### [THE PROBLEM]
Take the line with "Write the answer" and every line after it, through the end of the listing, and give them again exactly, pictures excluded.

### [EXERCISE INPUT]
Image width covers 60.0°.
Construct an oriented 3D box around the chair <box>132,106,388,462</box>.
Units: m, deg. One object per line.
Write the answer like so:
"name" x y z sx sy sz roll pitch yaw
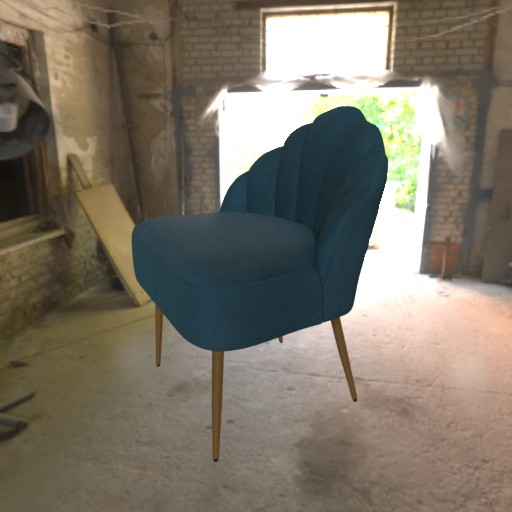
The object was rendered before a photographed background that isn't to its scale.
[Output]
"chair" 0.000 0.000 1.253 0.599 0.819 0.657 -8 17 -26

### [SOLVED EXERCISE]
Write the answer like so:
"name" x y z sx sy sz roll pitch yaw
The object was rendered before a photographed background that isn't to its scale.
[Output]
"chair" 0.000 0.000 1.253 0.599 0.819 0.657 -8 17 -26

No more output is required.